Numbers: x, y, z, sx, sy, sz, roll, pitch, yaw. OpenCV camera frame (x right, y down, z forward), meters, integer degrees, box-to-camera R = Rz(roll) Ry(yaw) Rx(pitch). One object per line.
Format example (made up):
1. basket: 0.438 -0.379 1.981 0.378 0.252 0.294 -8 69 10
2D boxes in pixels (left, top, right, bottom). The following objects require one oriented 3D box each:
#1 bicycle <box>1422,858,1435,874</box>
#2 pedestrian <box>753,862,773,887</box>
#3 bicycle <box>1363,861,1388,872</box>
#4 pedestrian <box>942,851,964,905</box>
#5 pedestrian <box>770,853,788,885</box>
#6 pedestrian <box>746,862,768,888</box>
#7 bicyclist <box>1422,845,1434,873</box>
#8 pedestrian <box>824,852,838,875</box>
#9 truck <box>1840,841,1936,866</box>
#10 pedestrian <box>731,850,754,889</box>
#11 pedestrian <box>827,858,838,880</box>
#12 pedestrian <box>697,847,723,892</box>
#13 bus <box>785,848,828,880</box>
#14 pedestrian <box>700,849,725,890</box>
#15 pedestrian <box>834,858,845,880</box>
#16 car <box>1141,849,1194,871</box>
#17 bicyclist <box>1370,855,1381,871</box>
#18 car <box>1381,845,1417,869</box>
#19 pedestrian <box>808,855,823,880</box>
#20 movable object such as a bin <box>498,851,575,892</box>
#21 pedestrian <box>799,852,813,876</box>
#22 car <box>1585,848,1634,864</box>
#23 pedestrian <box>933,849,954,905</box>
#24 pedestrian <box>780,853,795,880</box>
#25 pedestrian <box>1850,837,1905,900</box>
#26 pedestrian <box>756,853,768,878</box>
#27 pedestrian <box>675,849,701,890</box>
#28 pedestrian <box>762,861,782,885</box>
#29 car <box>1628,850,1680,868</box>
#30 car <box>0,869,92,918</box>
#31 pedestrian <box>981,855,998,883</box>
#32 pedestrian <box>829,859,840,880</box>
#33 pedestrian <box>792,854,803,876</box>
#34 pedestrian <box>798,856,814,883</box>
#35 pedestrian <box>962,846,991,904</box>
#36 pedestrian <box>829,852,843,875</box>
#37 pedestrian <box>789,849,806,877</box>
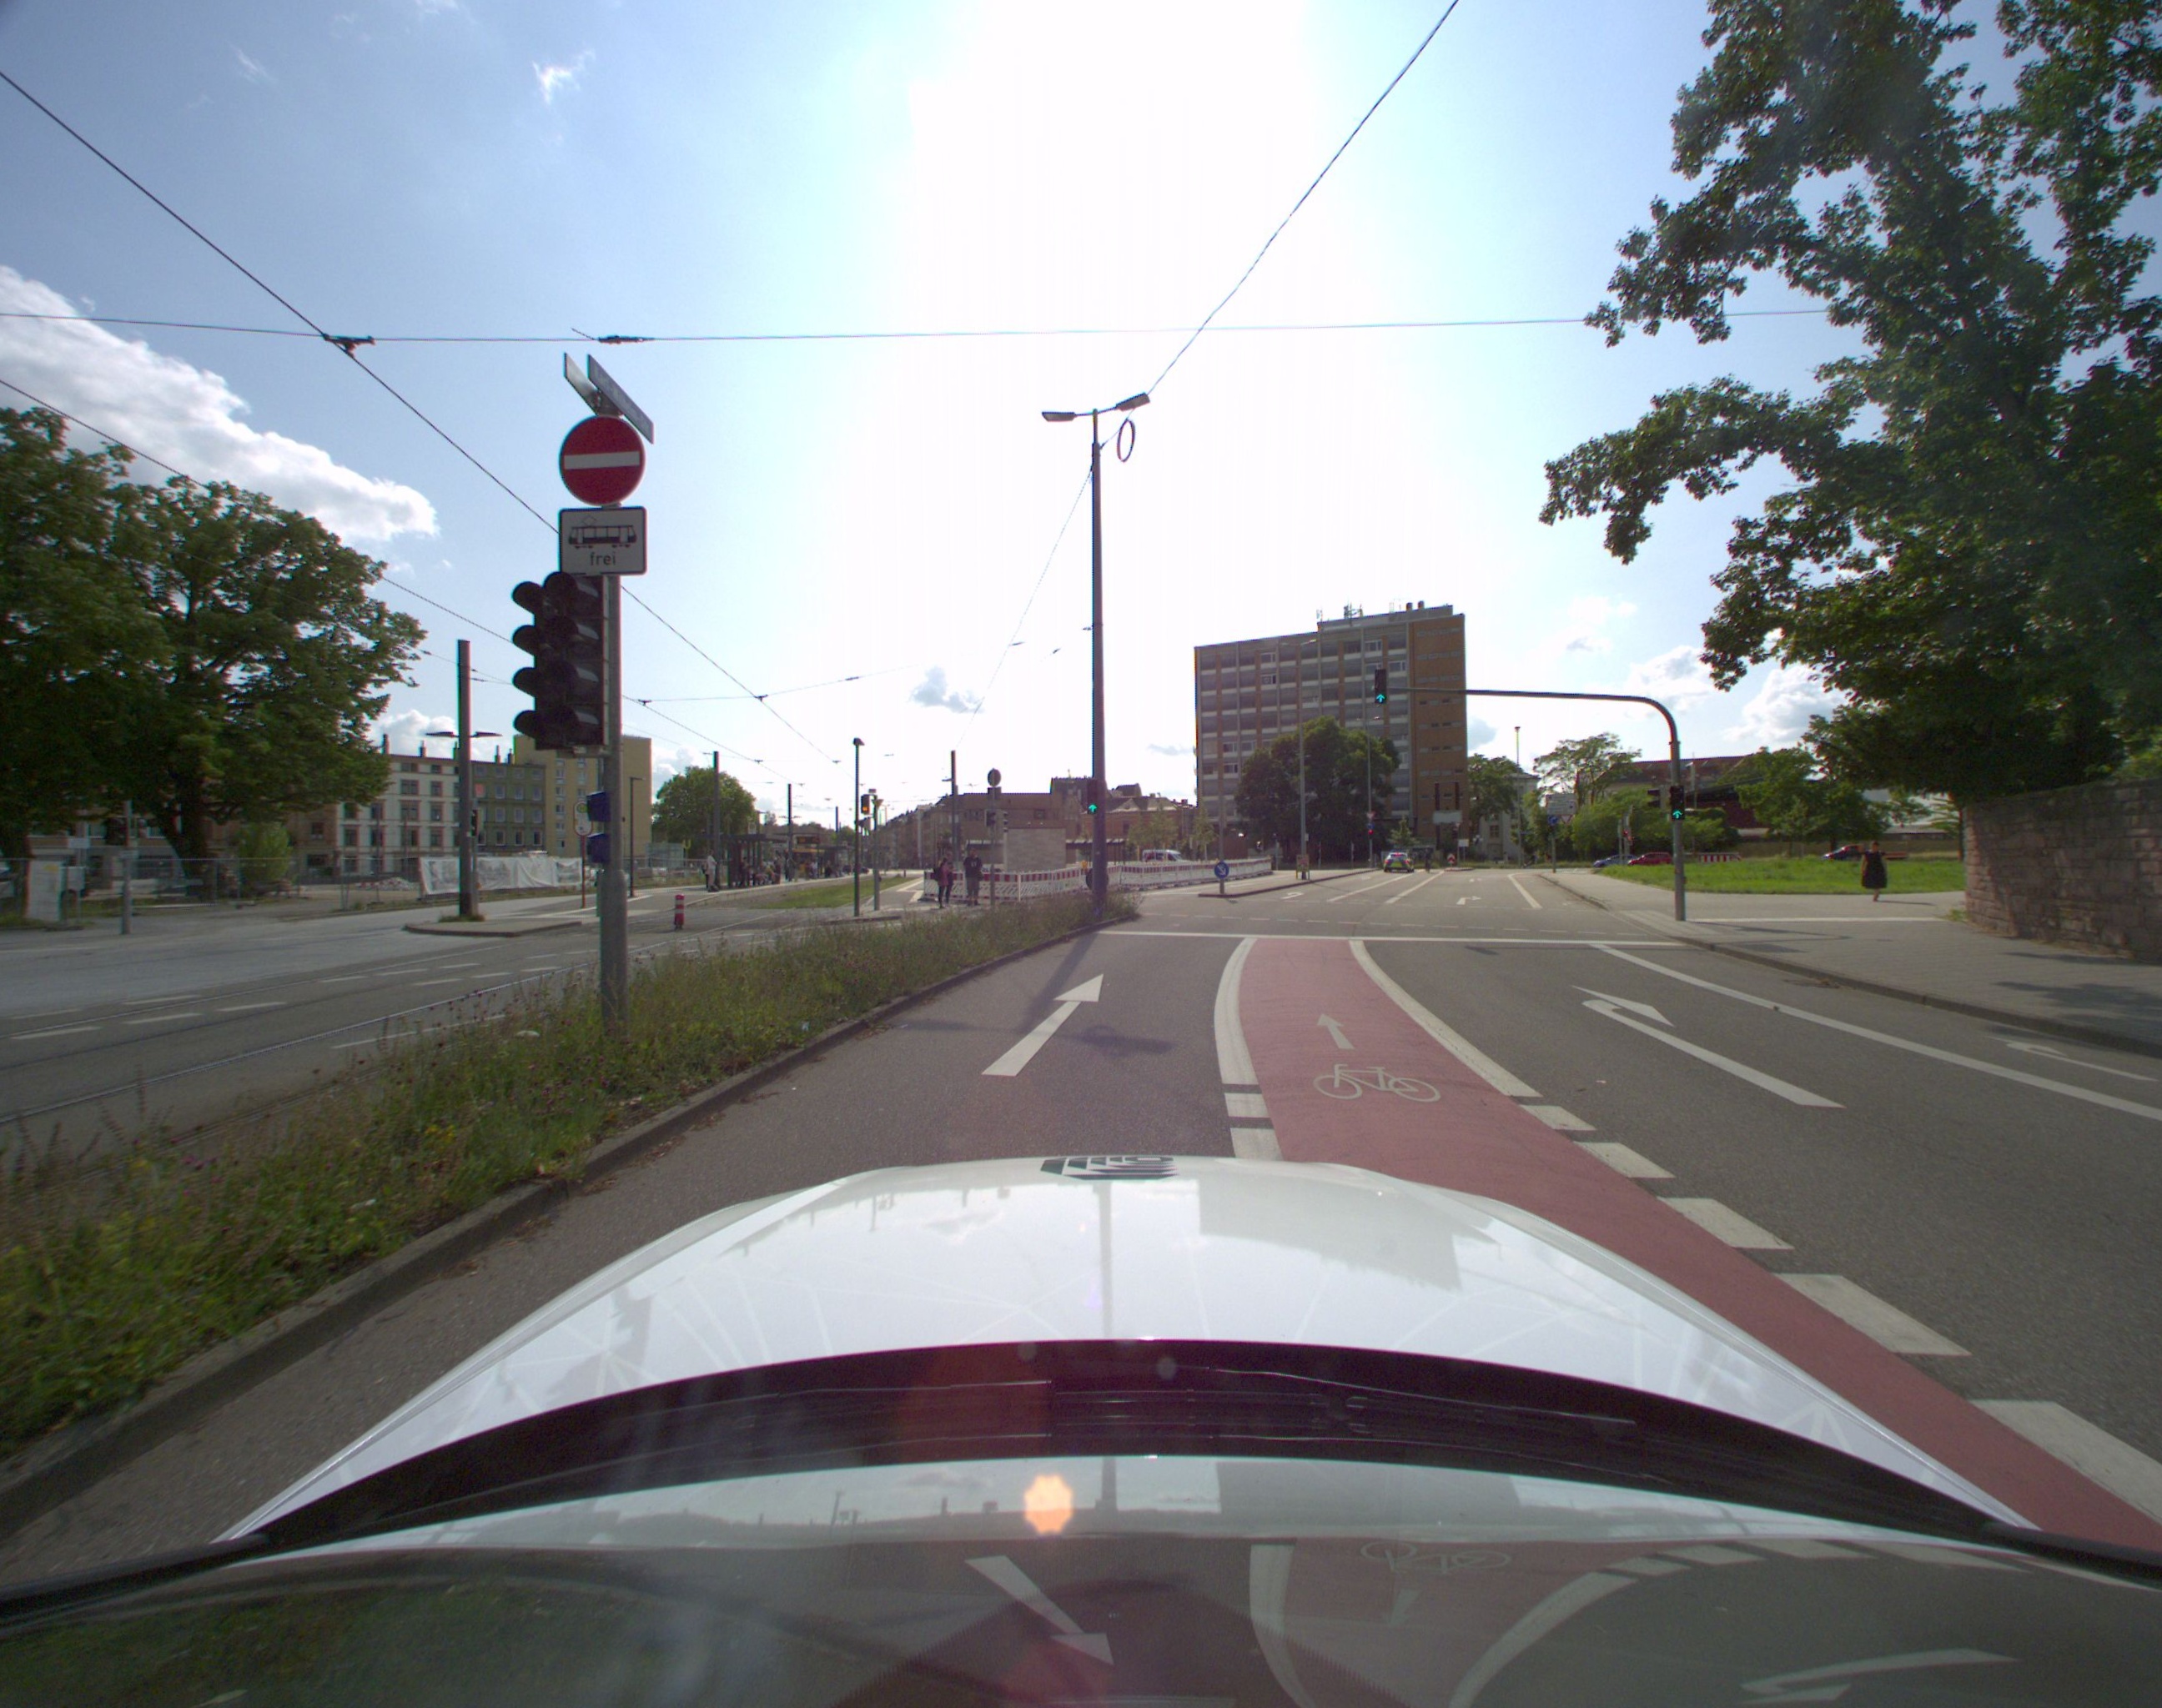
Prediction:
1. bicycle: 24.922 0.867 58.415 0.714 1.084 2.204 -2 0 26
2. pedestrian: -18.254 1.179 46.756 0.939 1.431 0.729 0 -1 -7
3. bicycle: 28.845 1.223 79.853 2.177 1.084 0.636 -2 0 -1
4. pedestrian: -4.164 0.768 26.493 0.404 1.736 0.625 -1 -1 28
5. pedestrian: -19.065 0.972 51.423 0.939 2.014 0.729 0 -1 -7
6. pedestrian: -18.240 1.163 45.873 0.939 1.431 0.729 0 -1 -7
7. bicyclist: 24.914 0.379 58.419 0.711 1.973 0.844 -2 0 26
8. pedestrian: -22.140 0.851 72.087 0.947 2.014 0.723 1 -2 -34
9. truck: 64.083 -0.051 64.810 5.066 1.838 2.013 -2 -1 35
10. pedestrian: -17.636 0.809 42.437 0.939 2.014 0.729 0 -1 -7
11. pedestrian: -23.203 1.416 75.923 0.944 2.014 0.726 0 -1 -20
12. pedestrian: -16.600 0.701 36.475 0.813 2.014 0.797 0 -1 -7
13. bus: -27.986 1.004 83.478 2.422 2.982 10.510 -1 0 -9
14. pedestrian: -18.544 0.785 41.033 0.939 2.014 0.729 0 -1 -7
15. pedestrian: -22.192 1.397 74.896 0.944 2.014 0.726 0 -1 -20
16. car: 9.444 0.641 89.499 2.315 2.319 5.519 0 -1 -45
17. bicyclist: 28.862 0.890 79.859 0.834 1.470 0.636 -2 0 -1
18. car: 23.417 0.198 59.878 2.110 1.684 4.126 1 0 26
19. pedestrian: -21.079 1.068 64.679 0.947 2.014 0.723 1 -2 -34
20. movable object such as a bin: -36.000 1.119 53.976 2.639 2.574 3.991 -1 -1 -6
21. pedestrian: -23.270 0.826 68.854 0.947 2.014 0.723 1 -2 -34
22. car: 50.073 0.176 77.183 3.687 1.456 1.636 -2 -1 39
23. pedestrian: -4.292 0.701 25.432 0.611 1.707 0.621 -1 -1 -9
24. pedestrian: -22.940 0.977 63.603 0.948 2.014 0.723 1 -2 -38
25. pedestrian: 21.472 0.391 21.962 0.888 1.639 0.743 0 -2 -25
26. pedestrian: -25.983 0.976 66.363 0.729 2.014 0.940 0 -1 -12
27. pedestrian: -19.469 0.773 40.329 0.939 2.014 0.729 0 -1 -7
28. pedestrian: -18.144 1.113 47.821 0.939 1.431 0.729 0 -1 -7
29. car: 51.430 0.455 73.163 3.687 1.456 1.636 -2 -1 39
30. car: -54.847 2.029 41.877 2.043 2.418 4.633 -1 -1 9
31. pedestrian: -5.961 0.953 52.888 0.934 1.790 1.173 0 -1 -13
32. pedestrian: -23.663 1.456 78.093 0.944 2.014 0.726 0 -1 -20
33. pedestrian: -25.630 0.978 73.624 0.733 2.014 0.935 1 -1 -28
34. pedestrian: -20.979 1.165 62.070 0.948 2.014 0.723 1 -2 -38
35. pedestrian: -3.465 0.704 27.033 0.795 1.885 0.608 -1 -1 -24
36. pedestrian: -21.990 0.869 73.092 0.947 2.014 0.723 1 -2 -34
37. pedestrian: -20.078 0.633 57.657 0.947 2.014 0.723 1 -2 -34
=======
What you are asked to do ->
Return, in full, every line of these entries that holds "right".

Task result ->
Numbers: x, y, z, sx, sy, sz, roll, pitch, yaw. OpenCV camera frame (x right, y down, z forward), meters, integer degrees, box-to-camera R = Rz(roll) Ry(yaw) Rx(pitch). One object per line.
2D boxes in pixels (left, top, right, bottom). The following objects require one oriented 3D box each:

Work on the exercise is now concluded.